*WHAT IS NEEDED*:
Starting at the first line of the entries, extract each line up to and including the one that contains "Answer yes or no. Yes. Is Medium Orchid greater", but leave out the pictures.

*DATA TO USE*:
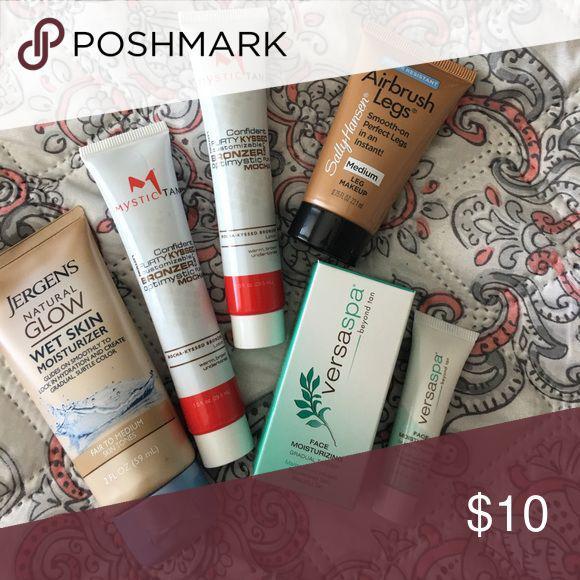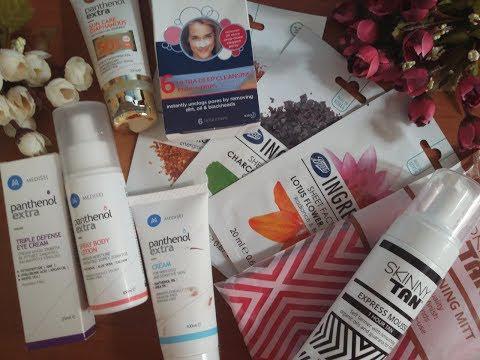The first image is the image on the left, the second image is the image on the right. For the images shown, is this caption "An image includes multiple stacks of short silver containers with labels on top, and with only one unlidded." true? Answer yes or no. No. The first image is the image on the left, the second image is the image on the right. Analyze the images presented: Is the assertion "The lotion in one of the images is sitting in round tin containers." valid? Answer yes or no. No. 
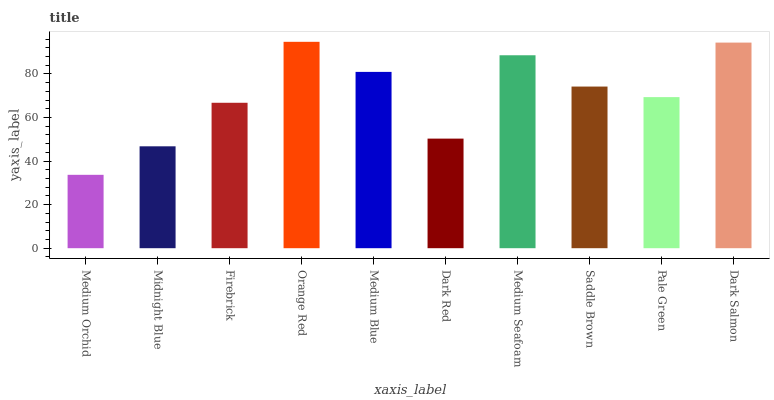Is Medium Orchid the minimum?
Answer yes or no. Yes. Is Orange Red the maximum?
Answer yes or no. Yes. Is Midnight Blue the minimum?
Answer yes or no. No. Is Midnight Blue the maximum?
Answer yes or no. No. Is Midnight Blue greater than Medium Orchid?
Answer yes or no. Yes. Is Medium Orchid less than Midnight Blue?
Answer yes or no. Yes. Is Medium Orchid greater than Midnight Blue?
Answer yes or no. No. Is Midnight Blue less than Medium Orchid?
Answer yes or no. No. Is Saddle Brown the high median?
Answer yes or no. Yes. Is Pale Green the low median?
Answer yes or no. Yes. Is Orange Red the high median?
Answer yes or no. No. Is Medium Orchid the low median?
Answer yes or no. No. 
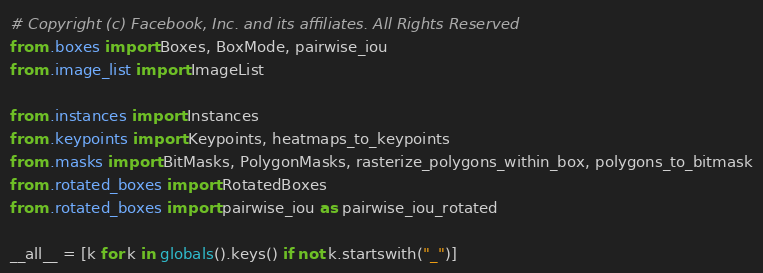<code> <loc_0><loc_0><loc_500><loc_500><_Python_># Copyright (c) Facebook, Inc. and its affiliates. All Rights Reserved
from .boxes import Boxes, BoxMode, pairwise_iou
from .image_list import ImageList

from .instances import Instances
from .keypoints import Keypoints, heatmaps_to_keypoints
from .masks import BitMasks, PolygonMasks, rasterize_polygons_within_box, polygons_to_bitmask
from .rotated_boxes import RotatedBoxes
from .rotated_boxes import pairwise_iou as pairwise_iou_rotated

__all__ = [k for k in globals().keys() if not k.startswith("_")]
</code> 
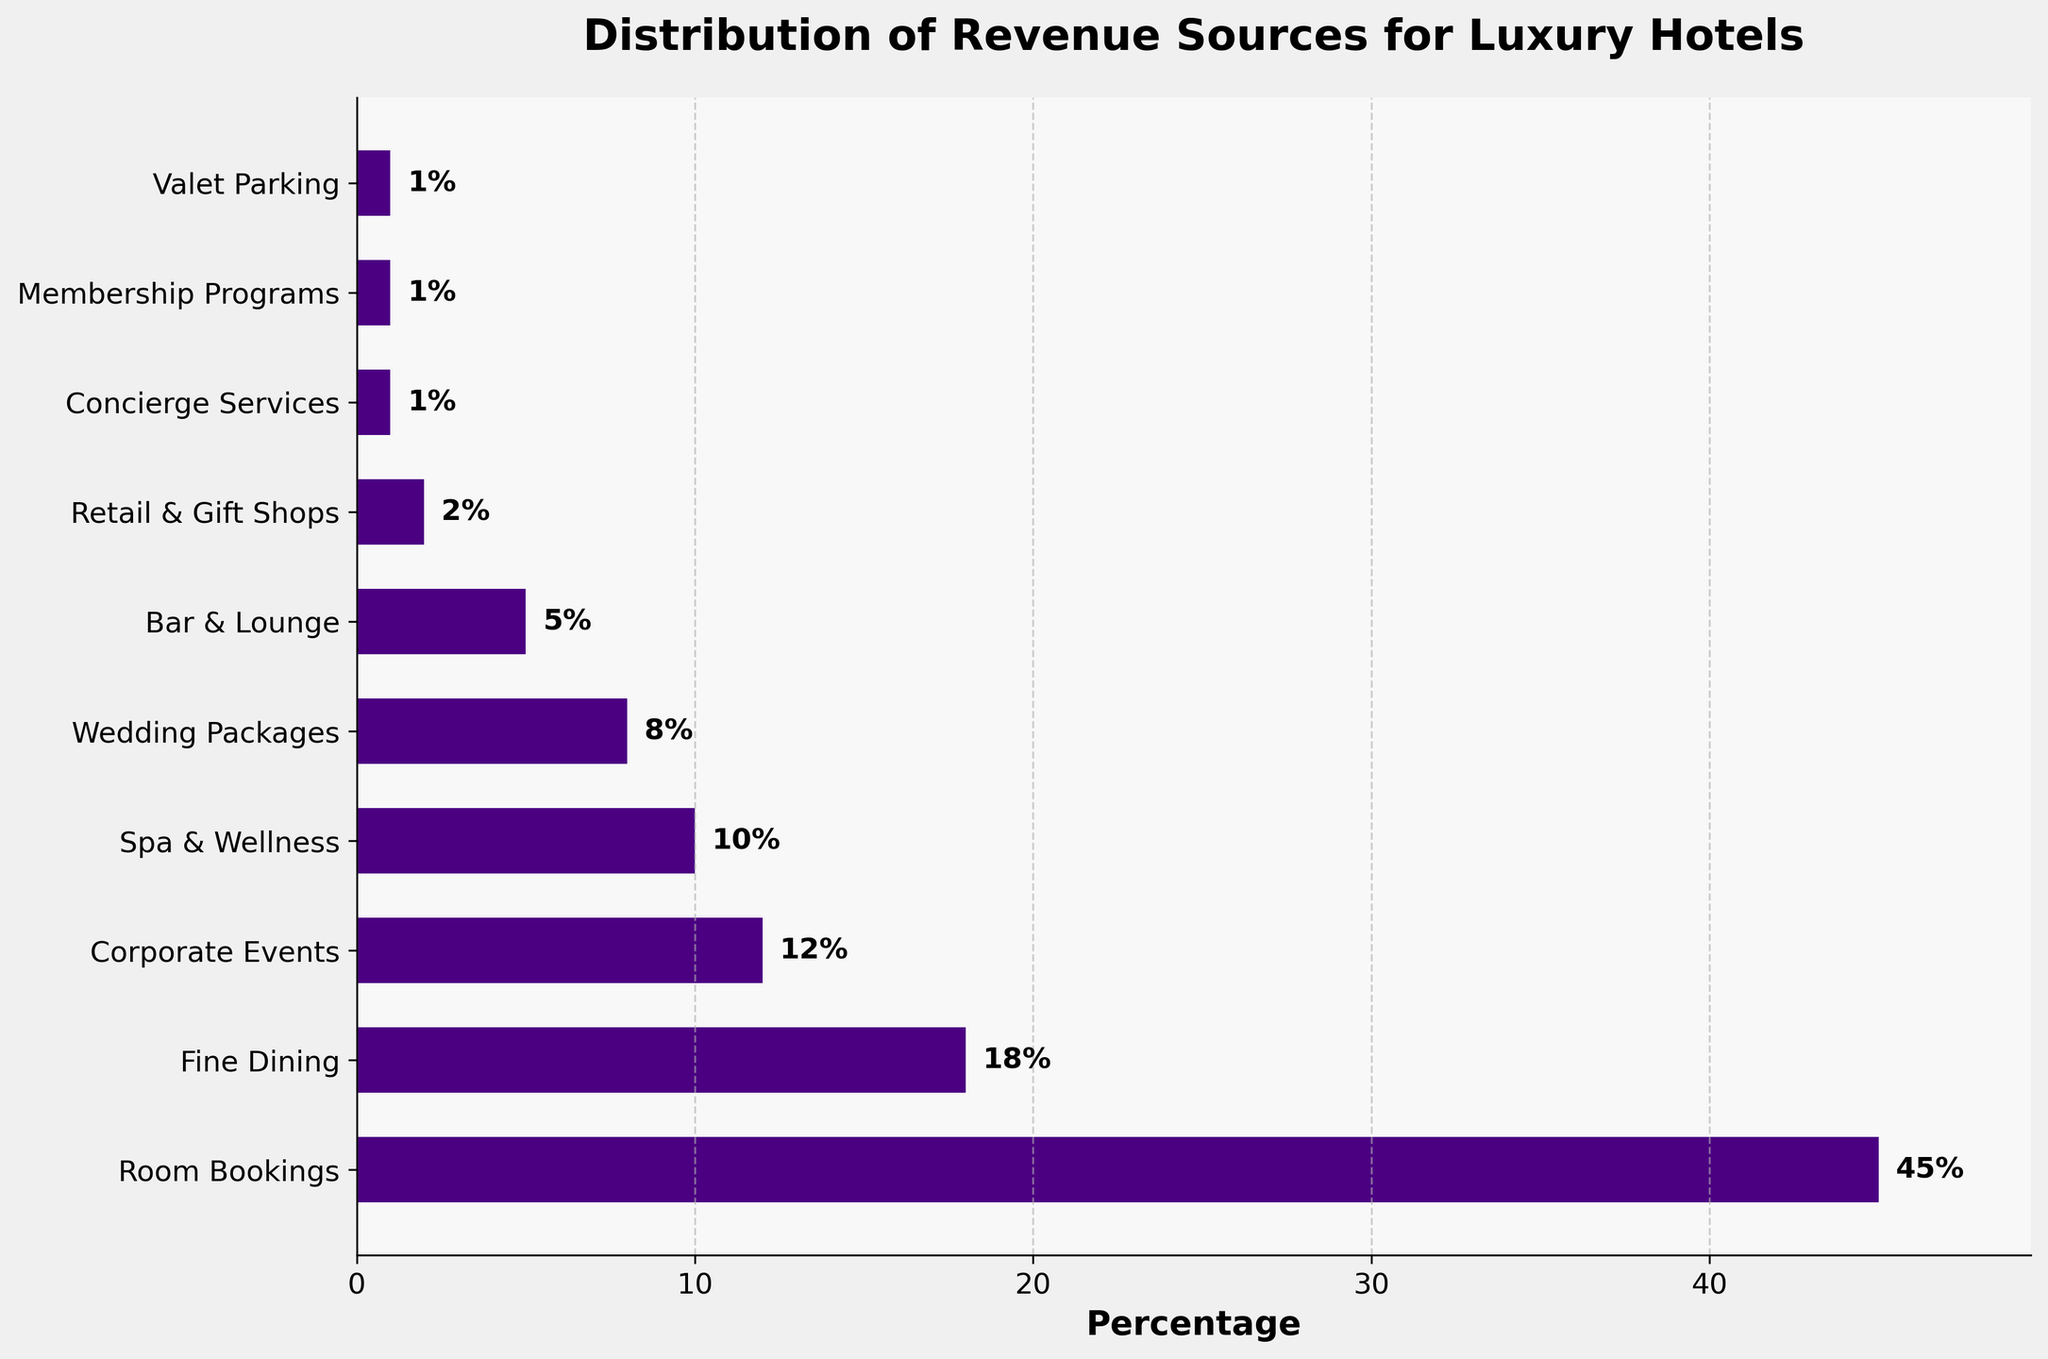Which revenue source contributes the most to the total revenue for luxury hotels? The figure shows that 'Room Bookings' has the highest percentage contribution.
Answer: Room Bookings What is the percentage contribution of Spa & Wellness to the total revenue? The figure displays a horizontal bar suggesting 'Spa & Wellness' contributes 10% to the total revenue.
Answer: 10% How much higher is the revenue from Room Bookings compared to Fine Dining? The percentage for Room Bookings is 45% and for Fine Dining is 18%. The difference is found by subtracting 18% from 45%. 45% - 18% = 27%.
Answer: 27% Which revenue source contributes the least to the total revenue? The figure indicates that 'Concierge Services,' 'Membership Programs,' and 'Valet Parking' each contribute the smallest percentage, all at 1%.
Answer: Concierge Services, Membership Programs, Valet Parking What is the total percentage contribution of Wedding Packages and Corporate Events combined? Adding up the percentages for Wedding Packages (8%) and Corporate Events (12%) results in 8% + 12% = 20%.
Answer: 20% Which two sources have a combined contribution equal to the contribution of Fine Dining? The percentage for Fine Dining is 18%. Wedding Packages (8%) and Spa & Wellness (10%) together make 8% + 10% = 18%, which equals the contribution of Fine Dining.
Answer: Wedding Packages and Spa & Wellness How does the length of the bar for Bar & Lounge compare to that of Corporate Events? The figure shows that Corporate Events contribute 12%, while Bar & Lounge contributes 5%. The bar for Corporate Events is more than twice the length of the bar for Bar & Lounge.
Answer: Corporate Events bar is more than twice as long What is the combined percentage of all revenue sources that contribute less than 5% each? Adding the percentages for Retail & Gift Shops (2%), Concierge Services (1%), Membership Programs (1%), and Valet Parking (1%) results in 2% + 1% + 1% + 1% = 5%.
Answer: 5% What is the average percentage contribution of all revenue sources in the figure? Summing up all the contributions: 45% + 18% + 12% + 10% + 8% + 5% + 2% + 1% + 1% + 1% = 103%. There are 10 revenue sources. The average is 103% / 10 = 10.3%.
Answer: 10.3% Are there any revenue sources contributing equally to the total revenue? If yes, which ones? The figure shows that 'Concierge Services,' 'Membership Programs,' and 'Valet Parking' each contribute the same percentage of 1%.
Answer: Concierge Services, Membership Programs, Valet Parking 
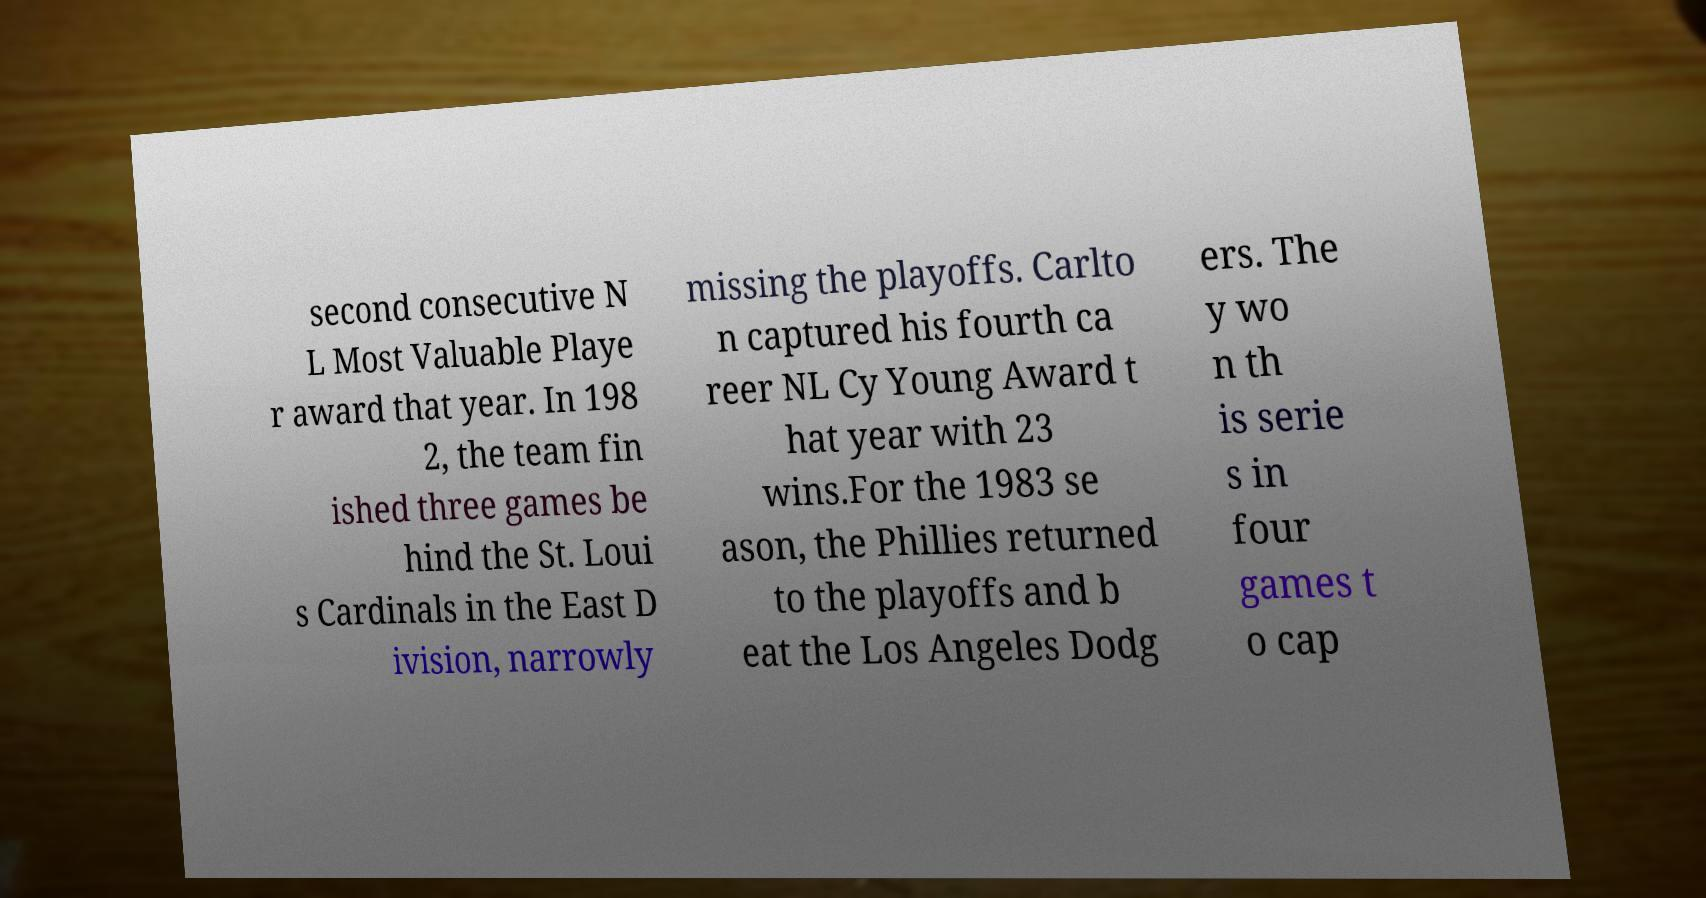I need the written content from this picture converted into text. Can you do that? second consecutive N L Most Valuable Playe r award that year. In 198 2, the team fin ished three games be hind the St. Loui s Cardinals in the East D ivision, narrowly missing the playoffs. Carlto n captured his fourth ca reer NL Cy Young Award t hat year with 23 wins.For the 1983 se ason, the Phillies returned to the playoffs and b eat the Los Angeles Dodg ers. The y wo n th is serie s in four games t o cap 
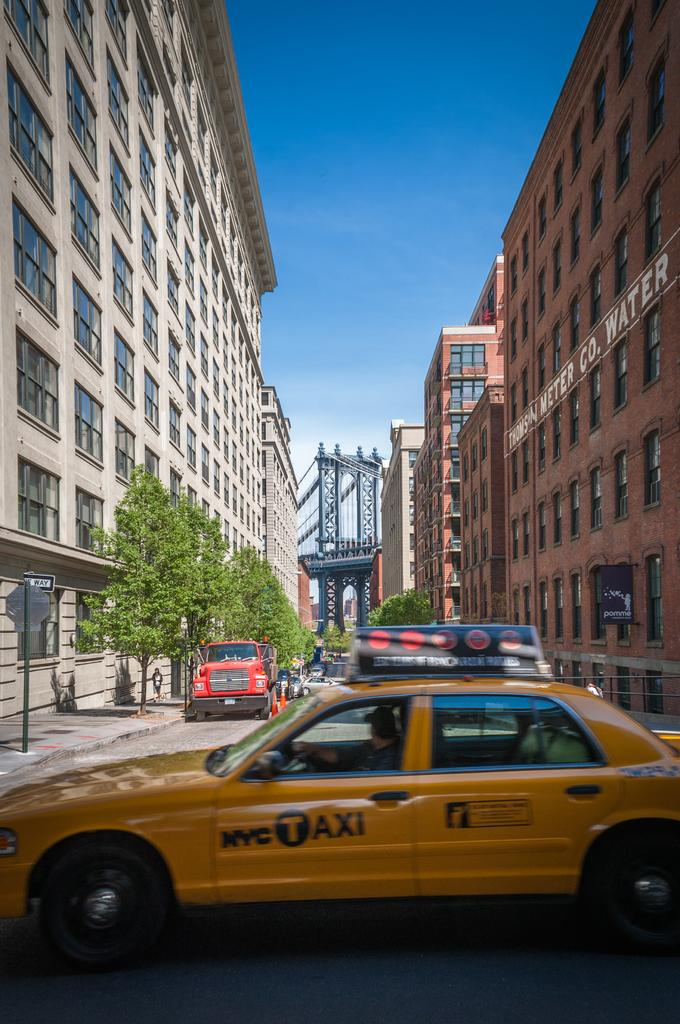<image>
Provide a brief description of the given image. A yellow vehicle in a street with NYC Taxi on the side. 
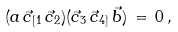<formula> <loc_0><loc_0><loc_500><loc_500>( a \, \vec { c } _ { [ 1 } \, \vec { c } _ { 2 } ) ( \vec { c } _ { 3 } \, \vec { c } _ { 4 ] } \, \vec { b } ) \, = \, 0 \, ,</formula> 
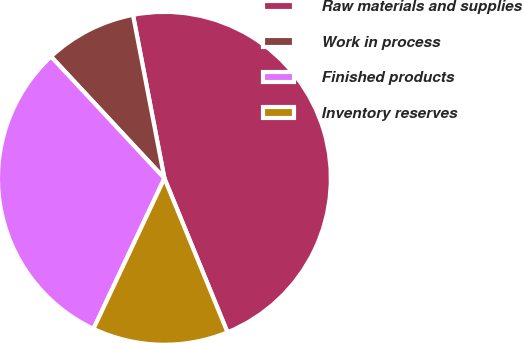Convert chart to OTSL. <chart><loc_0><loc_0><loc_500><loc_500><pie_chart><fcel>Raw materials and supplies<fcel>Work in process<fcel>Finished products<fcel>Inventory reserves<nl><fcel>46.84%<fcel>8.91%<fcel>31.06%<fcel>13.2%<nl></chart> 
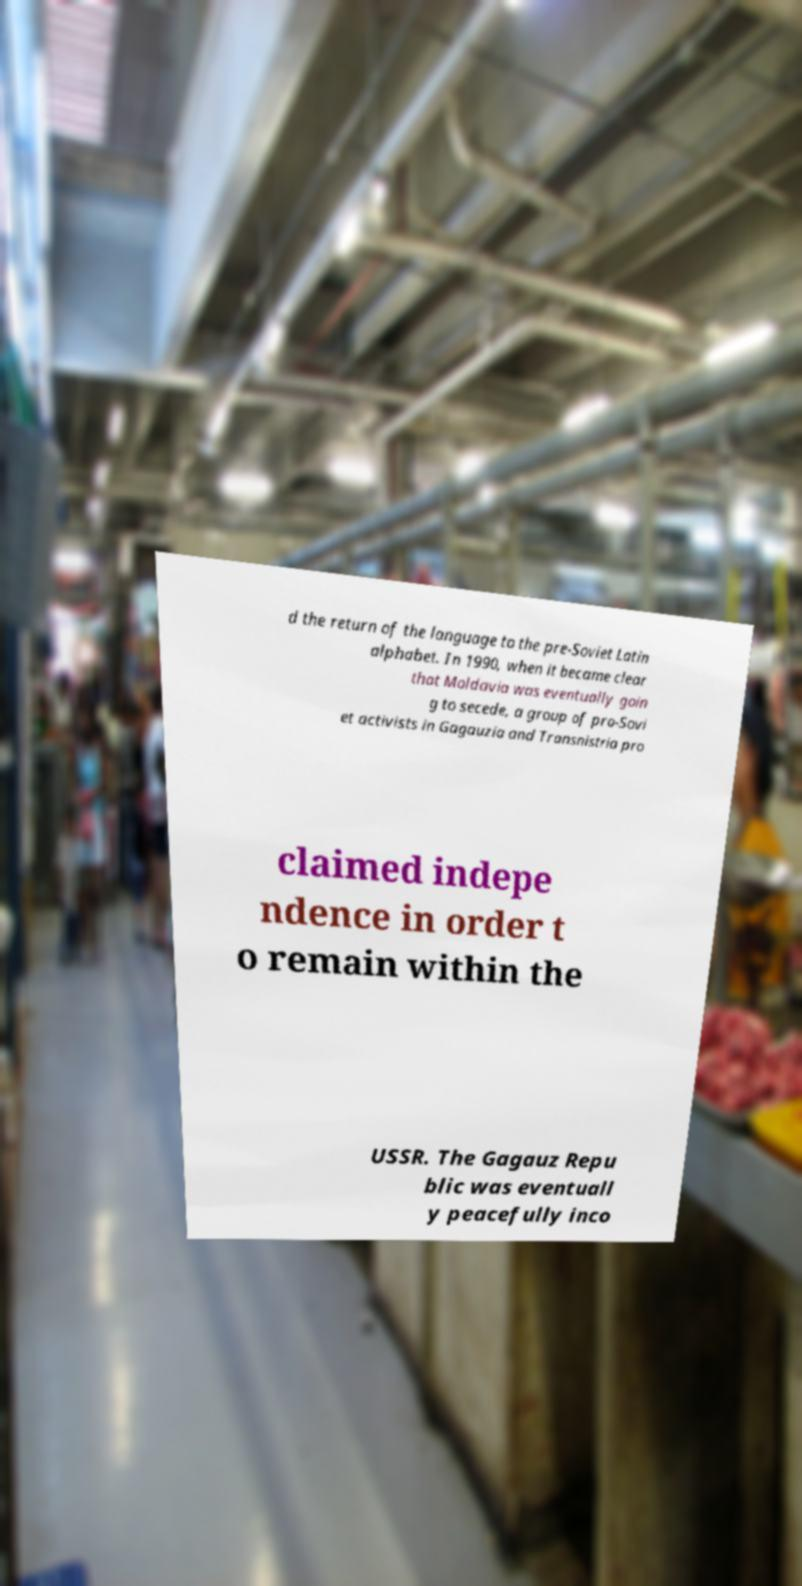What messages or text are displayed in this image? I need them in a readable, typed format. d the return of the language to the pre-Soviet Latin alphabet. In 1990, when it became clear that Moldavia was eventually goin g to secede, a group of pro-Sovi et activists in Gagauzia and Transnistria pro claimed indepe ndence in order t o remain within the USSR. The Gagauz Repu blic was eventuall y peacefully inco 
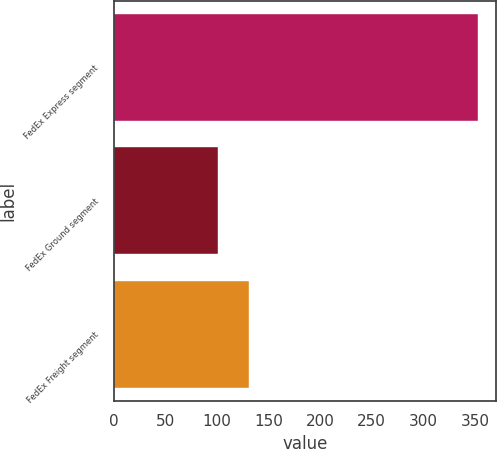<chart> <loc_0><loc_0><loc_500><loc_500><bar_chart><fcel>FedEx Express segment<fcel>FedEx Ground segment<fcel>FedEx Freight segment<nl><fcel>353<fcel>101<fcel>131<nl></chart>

*WRITTEN REPLY*:
The first image is the image on the left, the second image is the image on the right. For the images shown, is this caption "An image includes multiple stacks of short silver containers with labels on top, and with only one unlidded." true? Answer yes or no. No. The first image is the image on the left, the second image is the image on the right. Analyze the images presented: Is the assertion "The lotion in one of the images is sitting in round tin containers." valid? Answer yes or no. No. 
Is Medium Orchid the minimum?
Answer yes or no. Yes. Is Orange Red the maximum?
Answer yes or no. Yes. Is Midnight Blue the minimum?
Answer yes or no. No. Is Midnight Blue the maximum?
Answer yes or no. No. Is Midnight Blue greater than Medium Orchid?
Answer yes or no. Yes. Is Medium Orchid less than Midnight Blue?
Answer yes or no. Yes. Is Medium Orchid greater than Midnight Blue?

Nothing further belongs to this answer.